Credit union mergers frequently look good on paper and make strategic sense, but oftentimes such deals fall apart because the two CEOs can't agree on which one will get to stay in charge. 

It's an even bigger pickle when it's a merger of three credit unions, each with its own CEO who wants to stay on board. But as the old Vulcan proverb goes, the needs of the many outweigh the needs (or in this case, the egos) of the few. 

"We put away our egos and focused on what we're good at," said Matt Selke, president and CEO of the $96 million-asset Pinnacle Credit Union in Atlanta, which is merging with the $80 million-asset RVA Financial Federal Credit Union in Richmond, Virginia, and the $52 million-asset MUNA Federal Credit Union in Meridian, Mississippi. 

Selke won't be its CEO. That honor would go to Bo Pittman, president and chief executive of MUNA. "This guy can lead," Selke said of Pittman, who would also be a regional president of the combined entity.
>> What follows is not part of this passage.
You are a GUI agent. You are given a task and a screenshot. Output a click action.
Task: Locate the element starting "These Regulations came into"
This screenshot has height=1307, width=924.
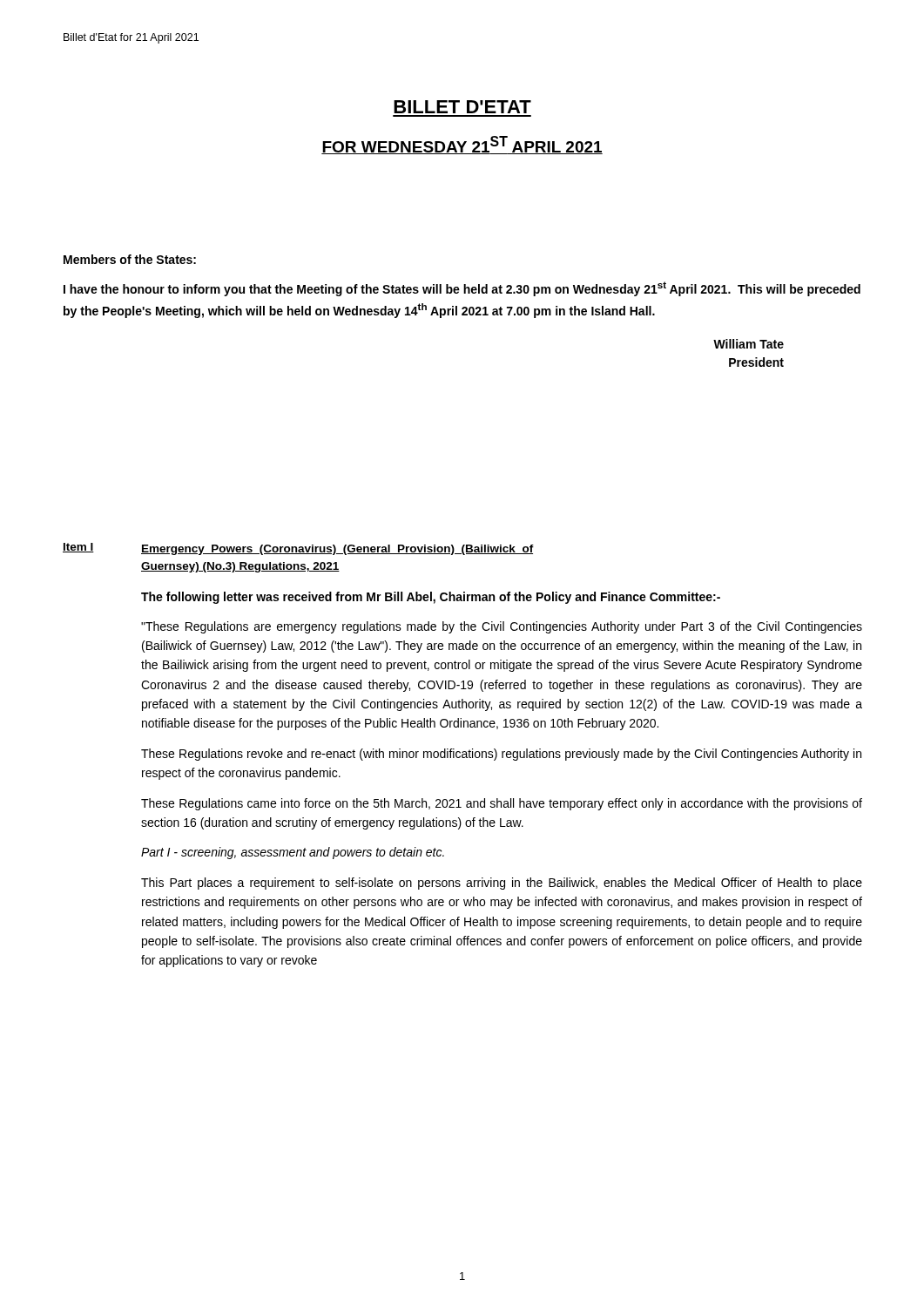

Selke will be the chief financial officer and a regional president. RVA Financial's CEO, Rick Preble, plans to be the chief operations officer and a regional president.

From left: Bo Pittman, CEO of MUNA Federal Credit Union; Matt Selke, CEO of Pinnacle Credit Union; and Rick Preble, CEO of RVA Financial Federal Credit Union. "Bo has as much leadership experience as Matt and I combined," Preble said of their choice to make Pittman the sole CEO when all three credit unions are merged.

Pittman has more than 30 years of Air Force leadership in his background. Selke said he noticed Pittman right away when they began serving together on the board of directors of CU*South, a credit union service organization, about five years ago.

Preble had the same impression.

At a breakfast meeting early in the process, "I looked him right in the eye and said, 'I'm going to recommend you as CEO,' " Preble said. "Bo has as much leadership experience as Matt and I combined."

While only one gets to be CEO, the need for three regional presidents stems from the lack of overlap in the credit unions' branch maps. Each constituent plans to maintain its individual brand for a short time after the merger is complete. The combined organization, which would be based in Atlanta, will eventually take on a new name. 

But the deal wasn't motivated primarily by geographic expansion. Pittman said the combined organization will have about $220 million of assets, and that will allow it to afford things that the three companies could not individually. For example, Pittman said the savings from combining back-office functions will allow for hiring in areas including compliance. 

"The regulatory guidance changes so frequently that we really need somebody in that area full time," Pittman said. "But for a small institution like mine, it was very difficult to afford someone to focus on that area alone."

About 800 miles separate Meridian and Richmond. Pittman said it would be ideal to eventually fill in some of the gaps in the footprint with other mergers, and that may happen over time.

According to Preble, distance is not as large of an issue today as it might have been 20 years ago. "With technology where it is today, the distance just doesn't seem as far as it used to," Preble said. 

And there was a recent blueprint for a credit union merger spanning hundreds of miles. 

In 2020, the $1.3 billion-asset Deere Employees Credit Union in Moline, Illinois, and the $338 million-asset Infinity FCU in Westbrook, Maine, announced they had agreed to merge.

Ultimately, the difficulties each of the three credit unions faced were more of an issue than any one CEO's ego. 

"We noticed that we're all cracking the same nut when it comes to the challenges that we're facing and the things that we're doing. And a lot of our strategic focus was similar," Preble said. "And we thought maybe we didn't have to fight this fight alone."